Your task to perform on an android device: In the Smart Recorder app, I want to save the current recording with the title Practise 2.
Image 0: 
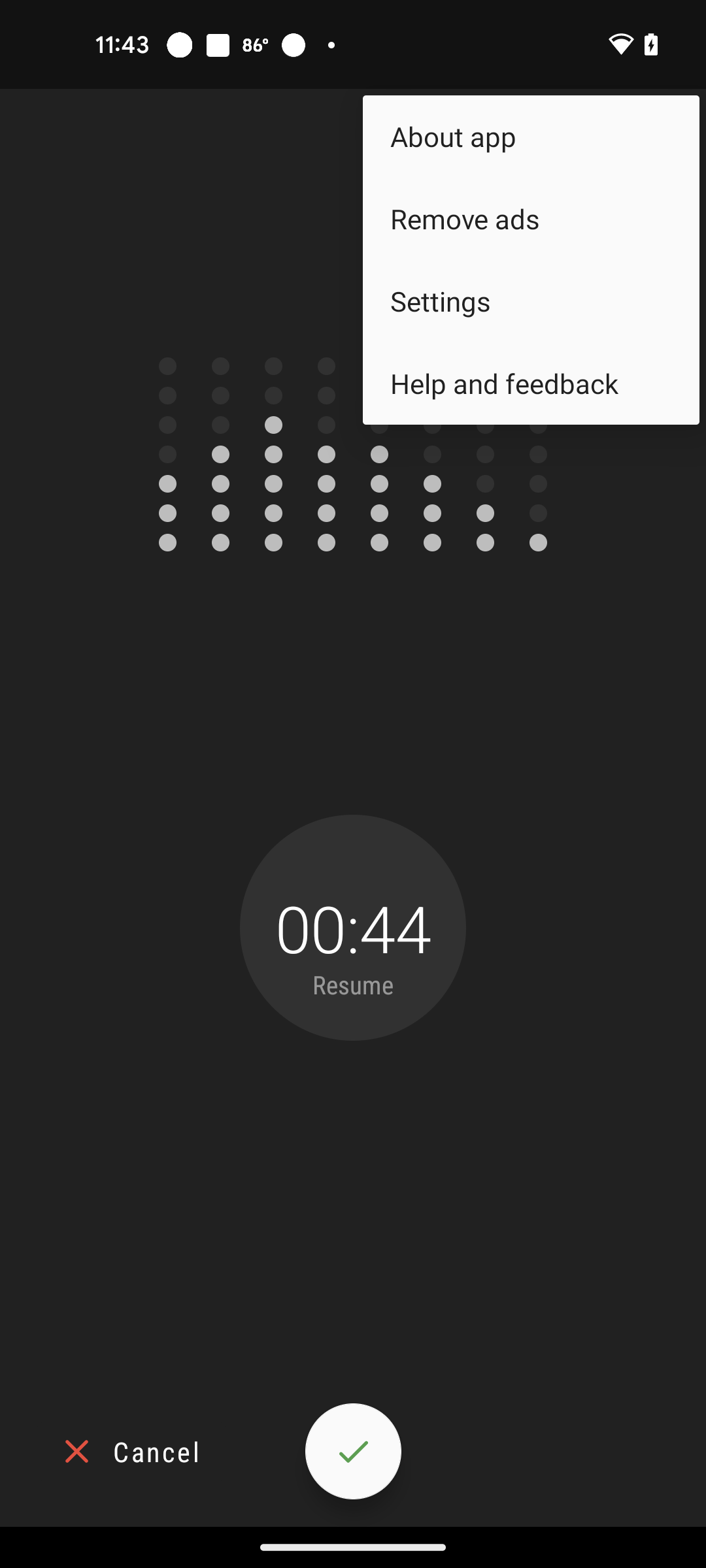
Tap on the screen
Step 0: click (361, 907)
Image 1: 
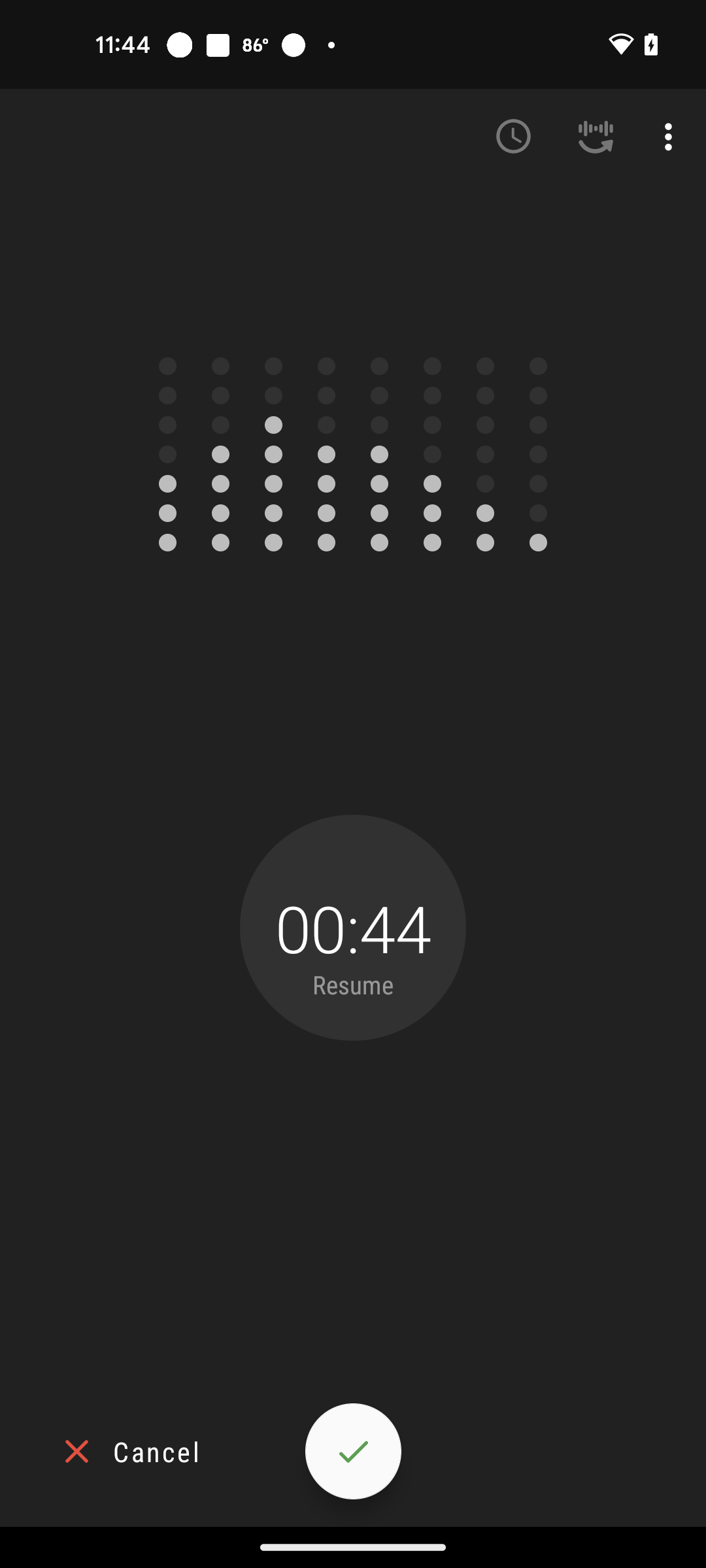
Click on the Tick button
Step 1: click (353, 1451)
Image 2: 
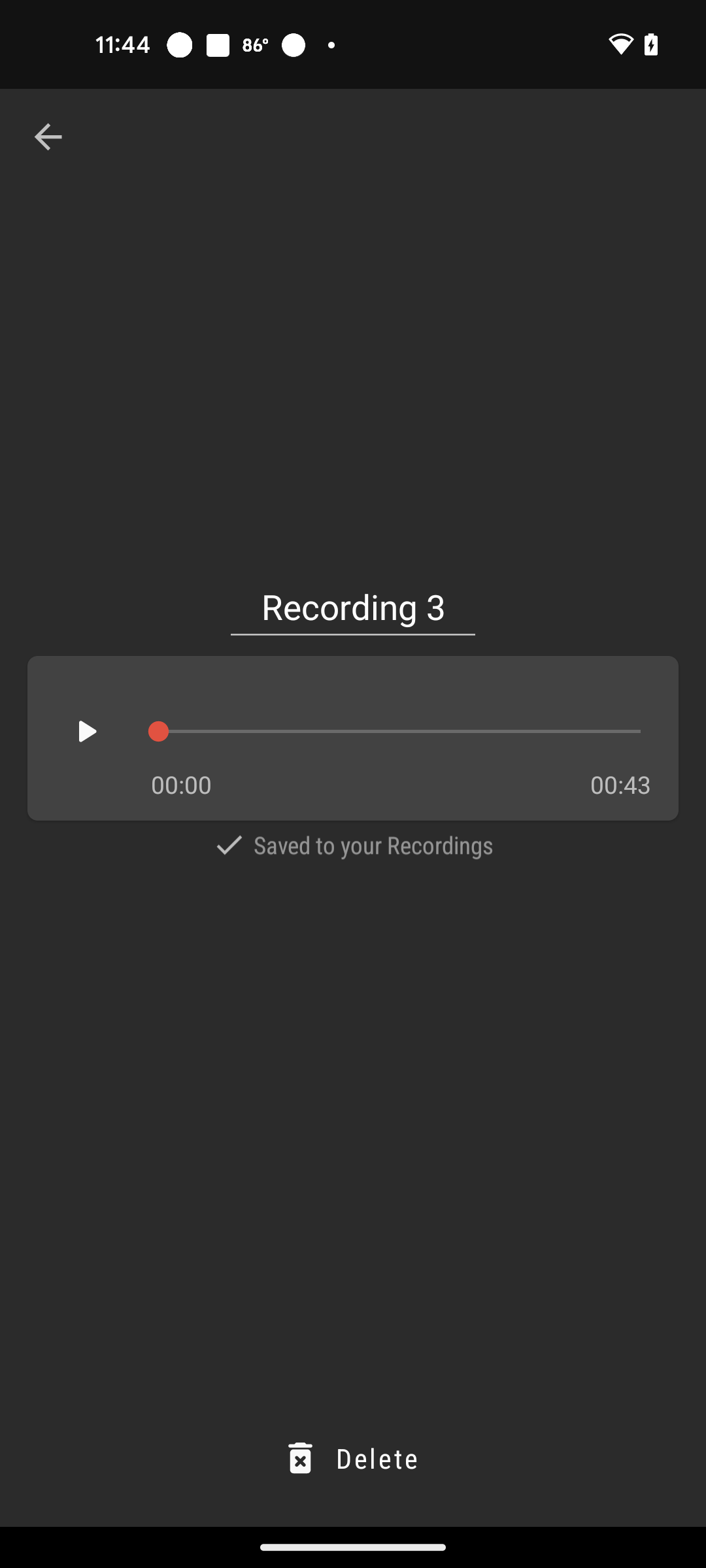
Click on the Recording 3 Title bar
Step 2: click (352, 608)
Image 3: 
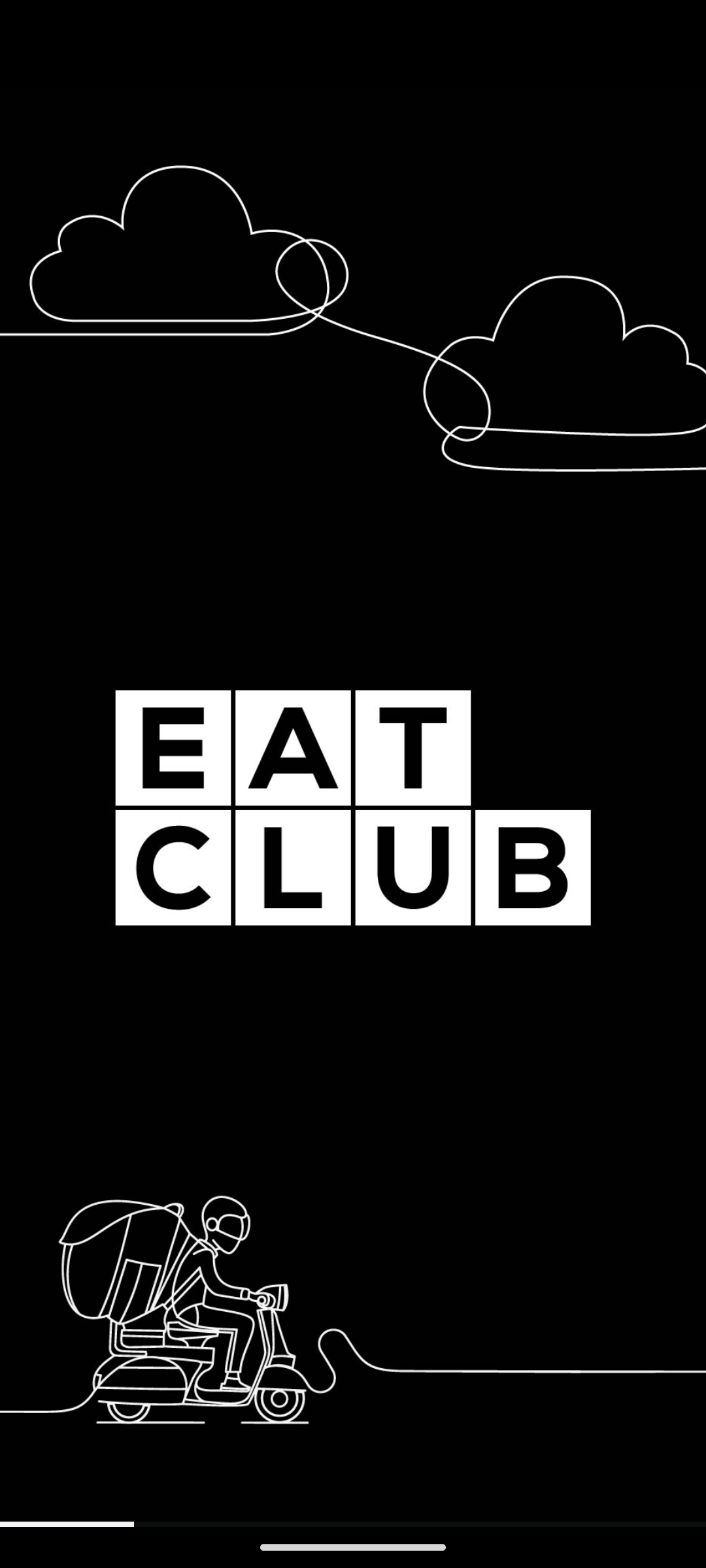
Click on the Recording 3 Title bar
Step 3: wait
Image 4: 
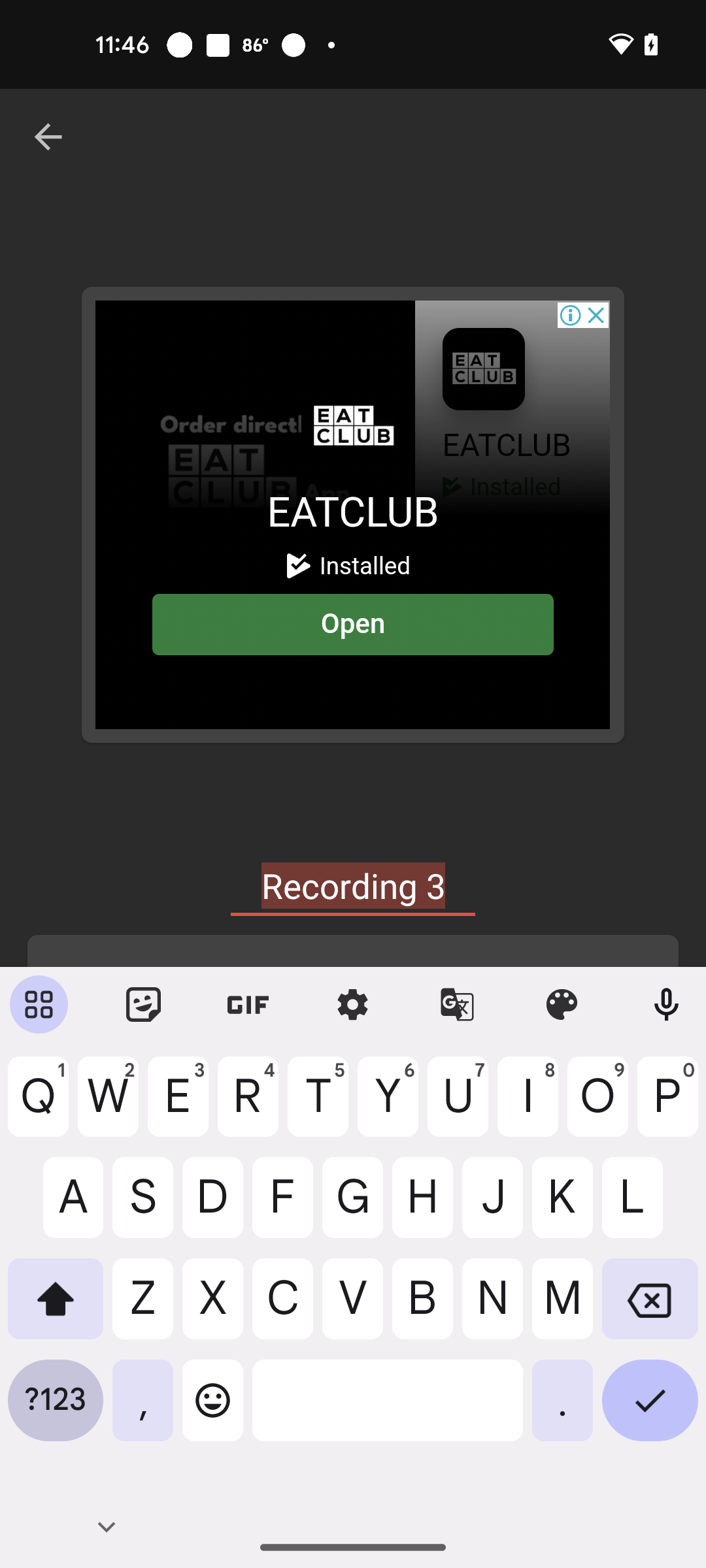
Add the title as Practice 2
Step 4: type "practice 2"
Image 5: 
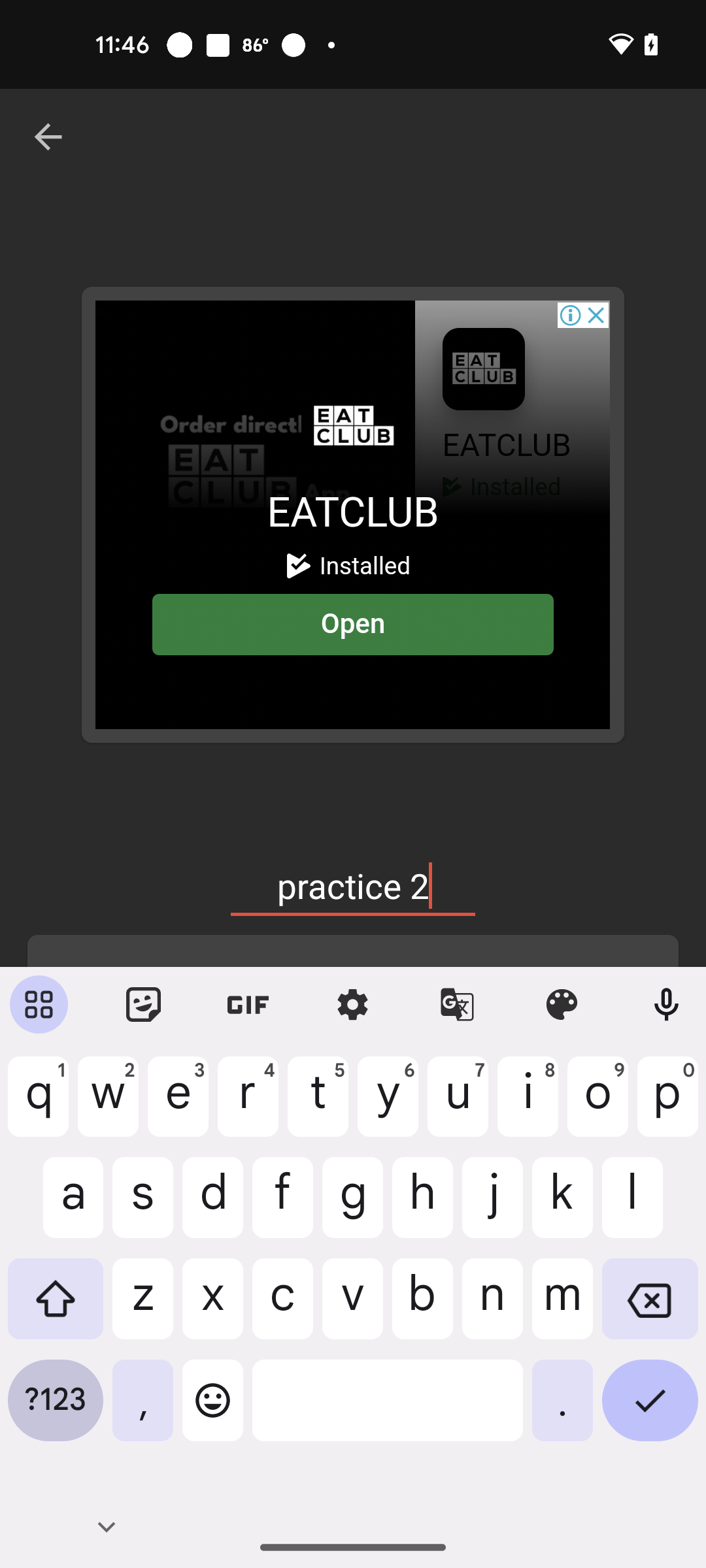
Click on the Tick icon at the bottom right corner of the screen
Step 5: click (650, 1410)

+ + + + + + +

**PROBLEM DESCRIPTION:** Reproduce nothing but the lines running from the line with "Step 1: click (353, 1451)" through the end of the records, keeping both end lines and dropping the pictures.

**TASK RESULT:**
Step 1: click (353, 1451)
Image 2: 
Click on the Recording 3 Title bar
Step 2: click (352, 608)
Image 3: 
Click on the Recording 3 Title bar
Step 3: wait
Image 4: 
Add the title as Practice 2
Step 4: type "practice 2"
Image 5: 
Click on the Tick icon at the bottom right corner of the screen
Step 5: click (650, 1410)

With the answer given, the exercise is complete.